24.       def get_challenge(): 

25.           url = 'http://m.njust.edu.cn/portal/index.html' 

26.           req = session.get(url) 

27.           #print(req.text) 

28.           req2 = session.post("http://m.njust.edu.cn/portal_io/getchallenge"

29.           challenge = req2.json()['challenge'

30.           return challenge 

31.       def get_str2(): 

32.           str2 = chr(id) 

33.           str2 = str2 + password 

34.        

35.           for i in range(len(challenge)): 

36.               if i % 2 == 1: 

37.                   continue 

38.               hex1 = challenge[i: i + 2] 

39.               dec = int(hex1, 16) 

40.               str2 = str2 + (chr(dec)) 

41.           return str2 

42.        

43.       def login(): 

44.           loginurl='http://m.njust.edu.cn/portal_io/login' 

45.           req3=session.post(loginurl,data=data,headers=header) 

46.           print(req3.text) 

47.        

48.       if __name__ == '__main__'

49.           # 第一次登录获取cookie 

50.           id = 162 

51.           session = requests.session() 

52.           challenge = get_challenge() 

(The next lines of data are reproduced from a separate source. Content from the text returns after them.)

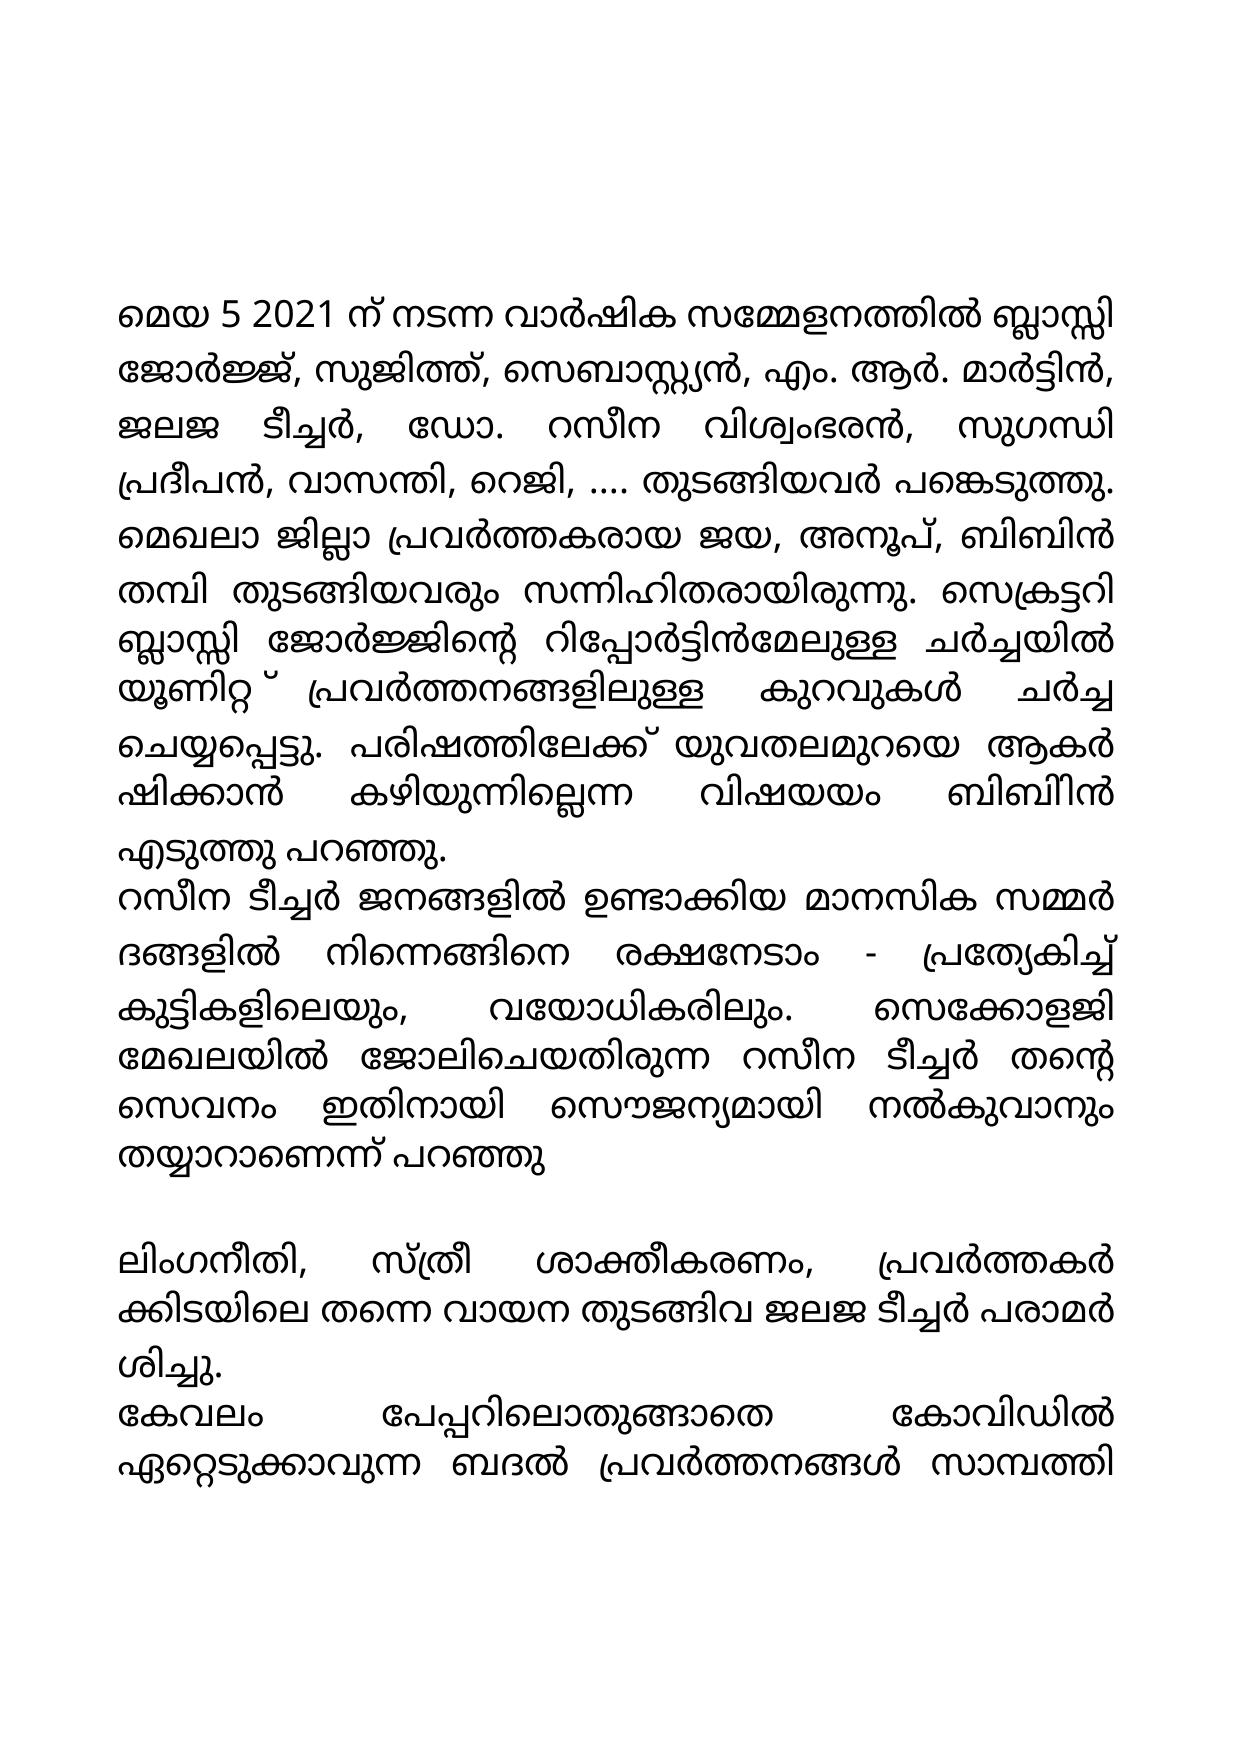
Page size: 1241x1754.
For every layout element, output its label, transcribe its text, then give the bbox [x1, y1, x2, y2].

text കേവലം പേപ്പറിലൊതുങ്ങാതെ ‍കോവിഡില്‍ ഏറ്റെടുക്കാവുന്ന ബദല്‍ പ്രവര്‍ത്തനങ്ങള്‍ സാമ്പത്തി [117, 1393, 1115, 1491]
text മെയ 5 2021 ന് നടന്ന വാര്‍ഷിക സമ്മേളനത്തില്‍ ബ്ലാസ്സി ജോര്‍ജ്ജ്, സുജിത്ത്, സെബാസ്റ്റ്യന്‍, എം. ആര്‍. മാര്‍ട്ടിന്‍, ജലജ ടീച്ചര്‍, ഡോ. റസീന വിശ്വംഭരന്‍, സുഗന്ധി പ്രദീപന്‍, വാസന്തി, റെജി, .... തുടങ്ങിയവര്‍ പങ്കെടുത്തു. മെഖലാ ജില്ലാ പ്രവര്‍ത്തകരായ ജയ, അനൂപ്, ബിബിന്‍ തമ്പി തുടങ്ങിയവരും സന്നിഹിതരായിരുന്നു. സെക്രട്ടറി ബ്ലാസ്സി ജോര്‍ജ്ജിന്റെ റിപ്പോര്‍ട്ടിന്‍മേലുള്ള ചര്‍ച്ചയില്‍ യൂണിറ്റ് പ്രവര്‍ത്തനങ്ങളിലുള്ള കുറവുകള്‍ ചര്‍ച്ച ചെയ്യപ്പെട്ടു. പരിഷത്തിലേക്ക് യുവതലമുറയെ ആകര്‍ഷിക്കാന്‍ കഴിയുന്നില്ലെന്ന വിഷയയം ബിബിിന്‍ എടുത്തു പറഞ്ഞു. [117, 287, 1115, 876]
text ലിംഗനീതി, സ്ത്രീ ശാക്തീകരണം, പ്രവര്‍ത്തകര്‍ക്കിടയിലെ തന്നെ വായന തുടങ്ങിവ ജലജ ടീച്ചര്‍ പരാമര്‍ശിച്ചു. [117, 1233, 1115, 1393]
text റസീന ടീച്ചര്‍ ജനങ്ങളില്‍ ഉണ്ടാക്കിയ മാനസിക സമ്മര്‍ദങ്ങളില്‍ നിന്നെങ്ങിനെ രക്ഷനേടാം - പ്രത്യേകിച്ച് കുട്ടികളിലെയും, വയോധികരിലും. സെക്കോളജി മേഖലയില്‍ ജോലിചെയതിരുന്ന റസീന ടീച്ചര്‍ തന്റെ സെവനം ഇതിനായി സൌജന്യമായി നല്‍കുവാനും തയ്യാറാണെന്ന് പറഞ്ഞു [117, 876, 1115, 1182]

53.           username = '12010xxxxxx49' 

54.           password = "12xxxx2" 

55.           str2 = get_str2() 

56.        

57.           hash = hashlib.md5(str2.encode('ISO-8859-1')).hexdigest() 

58.           # 打印加密后的密码  #测试结果,是md5 32位加密 

59.           print('hash',hash) 

60.        

61.           chappassword = hex(int(id))[2:] + hash  ##前面的0X去掉 

62.           print('chappasword', chappassword) 

63.        

64.           data['username'] = username 

65.           data['password'] = chappassword 

66.           data['challenge'] = challenge 

67.           login() 

 

It was ready to launch. I didn’t log in to the network, and the network came. It seems that our result was successful.


                                                                        Successful launch

 

Summarize

This problem is not complicated for veterans, but it may be a novel and interesting thing for many people. Of course, in recent years, crawlers are good for their own fun. Design commercial or large-scale crawling of private data may be involved. Danger, there will be a chance to share some pages of traditional login methods later.

 

This small encryption analysis is simple to reproduce, but it has been stuck for a long time because of the encoding problem. In the final analysis, the foundation is relatively weak. It wastes a lot of time to grasp these encryption algorithms and the basic things at the bottom. You might just guess what encryption this might be, what kind of encoding this data format is... But fortunately, we have to make up for this blind spot through this demo.